» **THE TASK**: Retype the records below so that each one matches exactly.

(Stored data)
::::::
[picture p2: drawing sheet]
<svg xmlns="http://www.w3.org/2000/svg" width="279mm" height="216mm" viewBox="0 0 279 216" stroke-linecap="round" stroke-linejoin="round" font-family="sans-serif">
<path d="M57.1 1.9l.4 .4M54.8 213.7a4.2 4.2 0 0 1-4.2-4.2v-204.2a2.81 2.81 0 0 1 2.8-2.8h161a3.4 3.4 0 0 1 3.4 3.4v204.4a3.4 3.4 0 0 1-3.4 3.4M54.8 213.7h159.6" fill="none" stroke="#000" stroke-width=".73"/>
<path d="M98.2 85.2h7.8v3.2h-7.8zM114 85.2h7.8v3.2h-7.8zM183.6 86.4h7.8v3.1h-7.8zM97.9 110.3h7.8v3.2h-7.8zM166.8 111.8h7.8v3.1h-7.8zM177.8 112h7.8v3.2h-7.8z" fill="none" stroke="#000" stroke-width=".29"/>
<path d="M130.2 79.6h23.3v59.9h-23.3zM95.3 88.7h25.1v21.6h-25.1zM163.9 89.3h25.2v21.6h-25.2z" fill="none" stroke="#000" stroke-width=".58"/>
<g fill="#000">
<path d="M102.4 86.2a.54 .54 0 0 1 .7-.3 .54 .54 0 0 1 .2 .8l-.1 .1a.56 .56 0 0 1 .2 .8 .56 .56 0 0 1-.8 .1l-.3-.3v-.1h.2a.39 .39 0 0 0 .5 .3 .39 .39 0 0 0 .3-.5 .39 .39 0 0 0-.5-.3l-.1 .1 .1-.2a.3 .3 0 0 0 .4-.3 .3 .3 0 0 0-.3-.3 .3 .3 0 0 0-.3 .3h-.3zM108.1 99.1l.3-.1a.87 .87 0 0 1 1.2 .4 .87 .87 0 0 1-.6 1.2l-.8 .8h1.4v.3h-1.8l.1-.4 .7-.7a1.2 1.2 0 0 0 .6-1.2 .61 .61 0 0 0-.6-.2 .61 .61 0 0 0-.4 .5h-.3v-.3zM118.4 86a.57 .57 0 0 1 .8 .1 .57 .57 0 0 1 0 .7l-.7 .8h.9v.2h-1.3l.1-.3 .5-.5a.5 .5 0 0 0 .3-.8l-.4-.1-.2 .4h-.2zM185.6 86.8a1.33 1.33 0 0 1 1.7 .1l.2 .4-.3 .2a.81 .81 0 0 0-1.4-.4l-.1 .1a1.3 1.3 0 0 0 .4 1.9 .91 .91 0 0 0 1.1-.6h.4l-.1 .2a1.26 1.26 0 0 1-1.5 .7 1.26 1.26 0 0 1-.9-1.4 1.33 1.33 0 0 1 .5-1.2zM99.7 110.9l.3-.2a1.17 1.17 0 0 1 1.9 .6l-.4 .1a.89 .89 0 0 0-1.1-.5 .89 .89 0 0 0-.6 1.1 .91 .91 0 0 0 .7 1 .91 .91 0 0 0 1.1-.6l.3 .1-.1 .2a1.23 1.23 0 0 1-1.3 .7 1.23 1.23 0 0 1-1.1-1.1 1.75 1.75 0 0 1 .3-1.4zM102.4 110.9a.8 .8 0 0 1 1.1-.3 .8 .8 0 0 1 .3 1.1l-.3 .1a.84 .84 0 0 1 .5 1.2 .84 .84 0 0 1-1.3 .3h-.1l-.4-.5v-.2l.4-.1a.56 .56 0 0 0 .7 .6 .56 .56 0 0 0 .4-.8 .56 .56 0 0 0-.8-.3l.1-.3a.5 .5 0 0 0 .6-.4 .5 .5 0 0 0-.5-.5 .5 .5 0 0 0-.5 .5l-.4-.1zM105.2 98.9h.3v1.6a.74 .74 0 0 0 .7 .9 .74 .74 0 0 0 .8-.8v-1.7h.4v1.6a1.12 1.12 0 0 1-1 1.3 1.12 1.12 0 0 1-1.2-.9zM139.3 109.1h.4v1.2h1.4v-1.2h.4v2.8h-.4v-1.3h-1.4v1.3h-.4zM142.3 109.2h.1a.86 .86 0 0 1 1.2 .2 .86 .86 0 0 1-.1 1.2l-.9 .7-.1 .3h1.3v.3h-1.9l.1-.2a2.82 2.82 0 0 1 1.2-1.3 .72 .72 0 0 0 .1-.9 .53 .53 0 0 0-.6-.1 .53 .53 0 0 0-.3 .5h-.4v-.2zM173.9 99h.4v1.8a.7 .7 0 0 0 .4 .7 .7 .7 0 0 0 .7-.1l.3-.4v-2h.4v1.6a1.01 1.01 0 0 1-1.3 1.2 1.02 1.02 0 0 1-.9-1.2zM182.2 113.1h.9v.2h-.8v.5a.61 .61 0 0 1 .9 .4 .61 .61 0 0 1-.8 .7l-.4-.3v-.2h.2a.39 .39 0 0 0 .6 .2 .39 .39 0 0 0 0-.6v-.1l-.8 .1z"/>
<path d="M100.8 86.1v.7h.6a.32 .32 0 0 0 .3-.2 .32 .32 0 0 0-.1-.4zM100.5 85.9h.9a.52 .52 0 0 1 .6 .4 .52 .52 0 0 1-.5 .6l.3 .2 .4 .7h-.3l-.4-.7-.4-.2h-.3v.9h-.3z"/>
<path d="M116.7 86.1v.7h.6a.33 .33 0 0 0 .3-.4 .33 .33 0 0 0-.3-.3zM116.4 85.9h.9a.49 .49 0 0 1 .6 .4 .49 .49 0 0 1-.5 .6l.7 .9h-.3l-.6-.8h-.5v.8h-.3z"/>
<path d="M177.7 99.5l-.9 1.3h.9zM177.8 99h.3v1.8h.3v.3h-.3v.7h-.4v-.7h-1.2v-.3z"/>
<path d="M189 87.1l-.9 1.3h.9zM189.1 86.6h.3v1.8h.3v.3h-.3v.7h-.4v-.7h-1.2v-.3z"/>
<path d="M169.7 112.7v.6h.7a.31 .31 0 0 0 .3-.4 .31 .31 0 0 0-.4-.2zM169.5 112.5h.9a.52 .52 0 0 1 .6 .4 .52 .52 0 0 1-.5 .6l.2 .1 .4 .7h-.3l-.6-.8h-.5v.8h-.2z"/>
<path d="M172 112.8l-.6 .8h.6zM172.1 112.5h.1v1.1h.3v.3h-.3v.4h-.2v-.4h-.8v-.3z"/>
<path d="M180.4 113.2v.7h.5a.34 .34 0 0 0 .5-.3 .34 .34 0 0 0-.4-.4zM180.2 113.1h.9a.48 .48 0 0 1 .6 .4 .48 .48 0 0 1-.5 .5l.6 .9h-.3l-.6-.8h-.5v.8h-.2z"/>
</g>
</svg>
::::::
» **RESULT FOR THIS EXERCISE**:
[picture p2: drawing sheet]
<svg xmlns="http://www.w3.org/2000/svg" width="279mm" height="216mm" viewBox="0 0 279 216" stroke-linecap="round" stroke-linejoin="round" font-family="sans-serif">
<path d="M57.1 1.9l.4 .4M54.8 213.7a4.2 4.2 0 0 1-4.2-4.2v-204.2a2.81 2.81 0 0 1 2.8-2.8h161a3.4 3.4 0 0 1 3.4 3.4v204.4a3.4 3.4 0 0 1-3.4 3.4M54.8 213.7h159.6" fill="none" stroke="#000" stroke-width=".73"/>
<path d="M98.2 85.2h7.8v3.2h-7.8zM114 85.2h7.8v3.2h-7.8zM183.6 86.4h7.8v3.1h-7.8zM97.9 110.3h7.8v3.2h-7.8zM166.8 111.8h7.8v3.1h-7.8zM177.8 112h7.8v3.2h-7.8z" fill="none" stroke="#000" stroke-width=".29"/>
<path d="M130.2 79.6h23.3v59.9h-23.3zM95.3 88.7h25.1v21.6h-25.1zM163.9 89.3h25.2v21.6h-25.2z" fill="none" stroke="#000" stroke-width=".58"/>
<g fill="#000">
<path d="M102.4 86.2a.54 .54 0 0 1 .7-.3 .54 .54 0 0 1 .2 .8l-.1 .1a.56 .56 0 0 1 .2 .8 .56 .56 0 0 1-.8 .1l-.3-.3v-.1h.2a.39 .39 0 0 0 .5 .3 .39 .39 0 0 0 .3-.5 .39 .39 0 0 0-.5-.3l-.1 .1 .1-.2a.3 .3 0 0 0 .4-.3 .3 .3 0 0 0-.3-.3 .3 .3 0 0 0-.3 .3h-.3zM108.1 99.1l.3-.1a.87 .87 0 0 1 1.2 .4 .87 .87 0 0 1-.6 1.2l-.8 .8h1.4v.3h-1.8l.1-.4 .7-.7a1.2 1.2 0 0 0 .6-1.2 .61 .61 0 0 0-.6-.2 .61 .61 0 0 0-.4 .5h-.3v-.3zM118.4 86a.57 .57 0 0 1 .8 .1 .57 .57 0 0 1 0 .7l-.7 .8h.9v.2h-1.3l.1-.3 .5-.5a.5 .5 0 0 0 .3-.8l-.4-.1-.2 .4h-.2zM185.6 86.8a1.33 1.33 0 0 1 1.7 .1l.2 .4-.3 .2a.81 .81 0 0 0-1.4-.4l-.1 .1a1.3 1.3 0 0 0 .4 1.9 .91 .91 0 0 0 1.1-.6h.4l-.1 .2a1.26 1.26 0 0 1-1.5 .7 1.26 1.26 0 0 1-.9-1.4 1.33 1.33 0 0 1 .5-1.2zM99.7 110.9l.3-.2a1.17 1.17 0 0 1 1.9 .6l-.4 .1a.89 .89 0 0 0-1.1-.5 .89 .89 0 0 0-.6 1.1 .91 .91 0 0 0 .7 1 .91 .91 0 0 0 1.1-.6l.3 .1-.1 .2a1.23 1.23 0 0 1-1.3 .7 1.23 1.23 0 0 1-1.1-1.1 1.75 1.75 0 0 1 .3-1.4zM102.4 110.9a.8 .8 0 0 1 1.1-.3 .8 .8 0 0 1 .3 1.1l-.3 .1a.84 .84 0 0 1 .5 1.2 .84 .84 0 0 1-1.3 .3h-.1l-.4-.5v-.2l.4-.1a.56 .56 0 0 0 .7 .6 .56 .56 0 0 0 .4-.8 .56 .56 0 0 0-.8-.3l.1-.3a.5 .5 0 0 0 .6-.4 .5 .5 0 0 0-.5-.5 .5 .5 0 0 0-.5 .5l-.4-.1zM105.2 98.9h.3v1.6a.74 .74 0 0 0 .7 .9 .74 .74 0 0 0 .8-.8v-1.7h.4v1.6a1.12 1.12 0 0 1-1 1.3 1.12 1.12 0 0 1-1.2-.9zM139.3 109.1h.4v1.2h1.4v-1.2h.4v2.8h-.4v-1.3h-1.4v1.3h-.4zM142.3 109.2h.1a.86 .86 0 0 1 1.2 .2 .86 .86 0 0 1-.1 1.2l-.9 .7-.1 .3h1.3v.3h-1.9l.1-.2a2.82 2.82 0 0 1 1.2-1.3 .72 .72 0 0 0 .1-.9 .53 .53 0 0 0-.6-.1 .53 .53 0 0 0-.3 .5h-.4v-.2zM173.9 99h.4v1.8a.7 .7 0 0 0 .4 .7 .7 .7 0 0 0 .7-.1l.3-.4v-2h.4v1.6a1.01 1.01 0 0 1-1.3 1.2 1.02 1.02 0 0 1-.9-1.2zM182.2 113.1h.9v.2h-.8v.5a.61 .61 0 0 1 .9 .4 .61 .61 0 0 1-.8 .7l-.4-.3v-.2h.2a.39 .39 0 0 0 .6 .2 .39 .39 0 0 0 0-.6v-.1l-.8 .1z"/>
<path d="M100.8 86.1v.7h.6a.32 .32 0 0 0 .3-.2 .32 .32 0 0 0-.1-.4zM100.5 85.9h.9a.52 .52 0 0 1 .6 .4 .52 .52 0 0 1-.5 .6l.3 .2 .4 .7h-.3l-.4-.7-.4-.2h-.3v.9h-.3z"/>
<path d="M116.7 86.1v.7h.6a.33 .33 0 0 0 .3-.4 .33 .33 0 0 0-.3-.3zM116.4 85.9h.9a.49 .49 0 0 1 .6 .4 .49 .49 0 0 1-.5 .6l.7 .9h-.3l-.6-.8h-.5v.8h-.3z"/>
<path d="M177.7 99.5l-.9 1.3h.9zM177.8 99h.3v1.8h.3v.3h-.3v.7h-.4v-.7h-1.2v-.3z"/>
<path d="M189 87.1l-.9 1.3h.9zM189.1 86.6h.3v1.8h.3v.3h-.3v.7h-.4v-.7h-1.2v-.3z"/>
<path d="M169.7 112.7v.6h.7a.31 .31 0 0 0 .3-.4 .31 .31 0 0 0-.4-.2zM169.5 112.5h.9a.52 .52 0 0 1 .6 .4 .52 .52 0 0 1-.5 .6l.2 .1 .4 .7h-.3l-.6-.8h-.5v.8h-.2z"/>
<path d="M172 112.8l-.6 .8h.6zM172.1 112.5h.1v1.1h.3v.3h-.3v.4h-.2v-.4h-.8v-.3z"/>
<path d="M180.4 113.2v.7h.5a.34 .34 0 0 0 .5-.3 .34 .34 0 0 0-.4-.4zM180.2 113.1h.9a.48 .48 0 0 1 .6 .4 .48 .48 0 0 1-.5 .5l.6 .9h-.3l-.6-.8h-.5v.8h-.2z"/>
</g>
</svg>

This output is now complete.